## What the task requires:
Restate word for word only the lines running from the one with "What was the" to the end of the data, both ends included. Omit any pictures.

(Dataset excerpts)
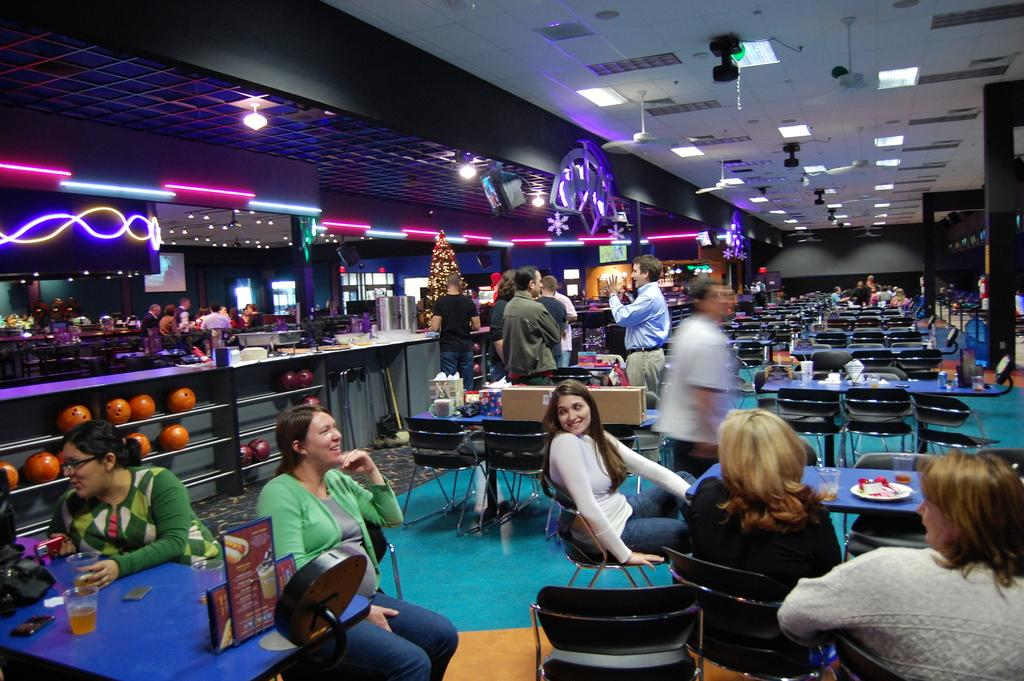What type of establishment is shown in the image? The image depicts a cafeteria. What furniture is present in the cafeteria? There are dining tables and chairs in the cafeteria. What are the people in the image doing? People are standing and sitting at the tables. What type of lighting is present in the cafeteria? There are lamps in the cafeteria. What type of food can be seen in the image? There are fruits in a rack. What type of paste is being used to stick the fruits to the rack? There is no paste visible in the image, and the fruits are not stuck to the rack; they are simply placed in it. 
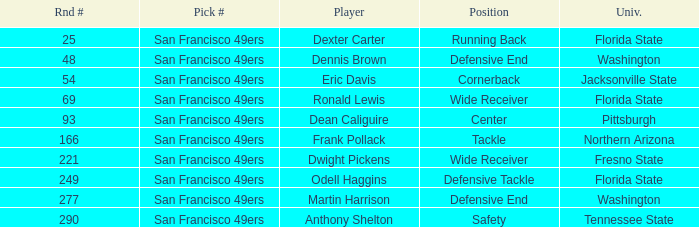What is the College with a Player that is dean caliguire? Pittsburgh. Write the full table. {'header': ['Rnd #', 'Pick #', 'Player', 'Position', 'Univ.'], 'rows': [['25', 'San Francisco 49ers', 'Dexter Carter', 'Running Back', 'Florida State'], ['48', 'San Francisco 49ers', 'Dennis Brown', 'Defensive End', 'Washington'], ['54', 'San Francisco 49ers', 'Eric Davis', 'Cornerback', 'Jacksonville State'], ['69', 'San Francisco 49ers', 'Ronald Lewis', 'Wide Receiver', 'Florida State'], ['93', 'San Francisco 49ers', 'Dean Caliguire', 'Center', 'Pittsburgh'], ['166', 'San Francisco 49ers', 'Frank Pollack', 'Tackle', 'Northern Arizona'], ['221', 'San Francisco 49ers', 'Dwight Pickens', 'Wide Receiver', 'Fresno State'], ['249', 'San Francisco 49ers', 'Odell Haggins', 'Defensive Tackle', 'Florida State'], ['277', 'San Francisco 49ers', 'Martin Harrison', 'Defensive End', 'Washington'], ['290', 'San Francisco 49ers', 'Anthony Shelton', 'Safety', 'Tennessee State']]} 
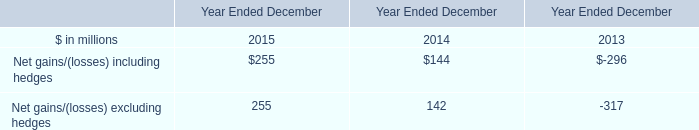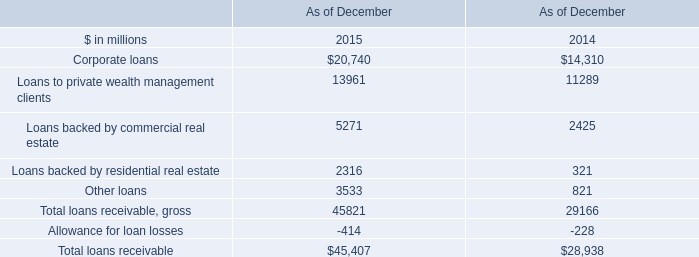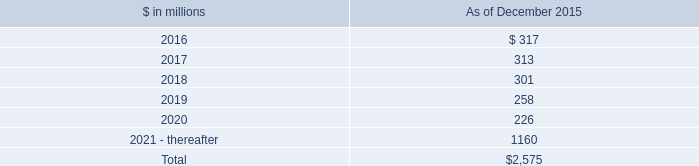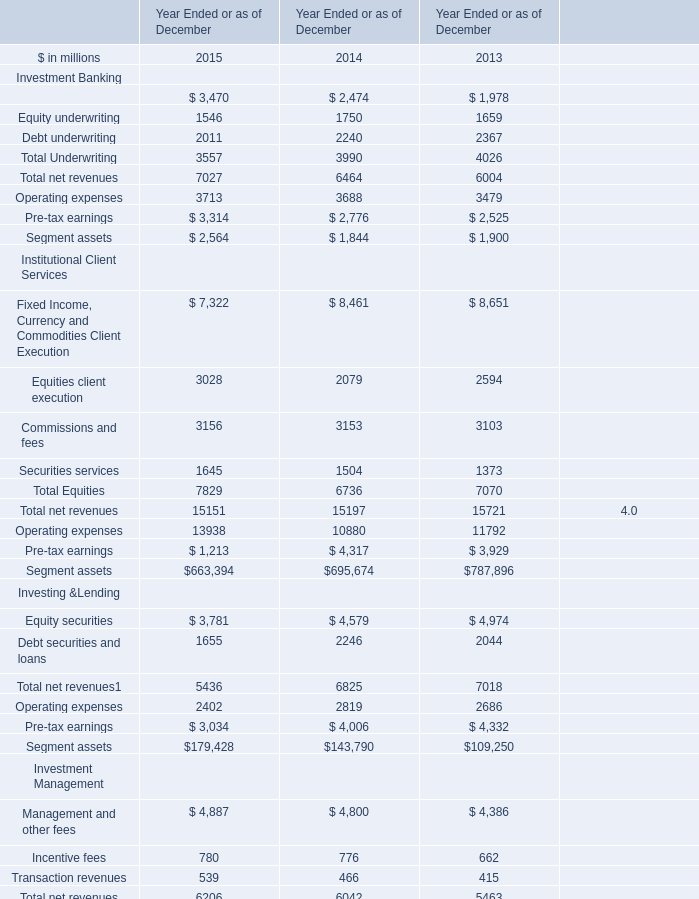What was the average value of Equity securities in the years where Segment assets is positive? (in million) 
Computations: (((3781 + 4579) + 4974) / 3)
Answer: 4444.66667. 
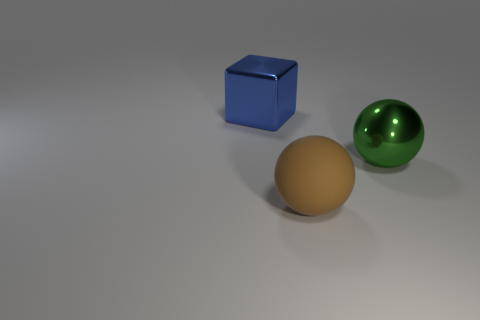Add 3 brown matte objects. How many objects exist? 6 Subtract all balls. How many objects are left? 1 Add 3 large brown rubber things. How many large brown rubber things are left? 4 Add 2 small purple matte balls. How many small purple matte balls exist? 2 Subtract 0 yellow cubes. How many objects are left? 3 Subtract all big brown matte balls. Subtract all small shiny cylinders. How many objects are left? 2 
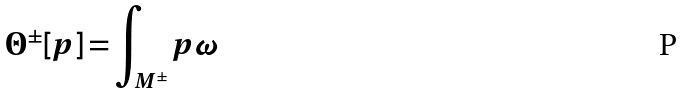<formula> <loc_0><loc_0><loc_500><loc_500>\Theta ^ { \pm } [ p ] = \int _ { M ^ { \pm } } { p \omega }</formula>

## Answer for the task:
What was the average value of Equity securities in the years where Segment assets is positive? (in million) 
Computations: (((3781 + 4579) + 4974) / 3)
Answer: 4444.66667. 
Add 3 brown matte objects. How many objects exist? 6 Subtract all balls. How many objects are left? 1 Add 3 large brown rubber things. How many large brown rubber things are left? 4 Add 2 small purple matte balls. How many small purple matte balls exist? 2 Subtract 0 yellow cubes. How many objects are left? 3 Subtract all big brown matte balls. Subtract all small shiny cylinders. How many objects are left? 2 
<formula> <loc_0><loc_0><loc_500><loc_500>\Theta ^ { \pm } [ p ] = \int _ { M ^ { \pm } } { p \omega }</formula>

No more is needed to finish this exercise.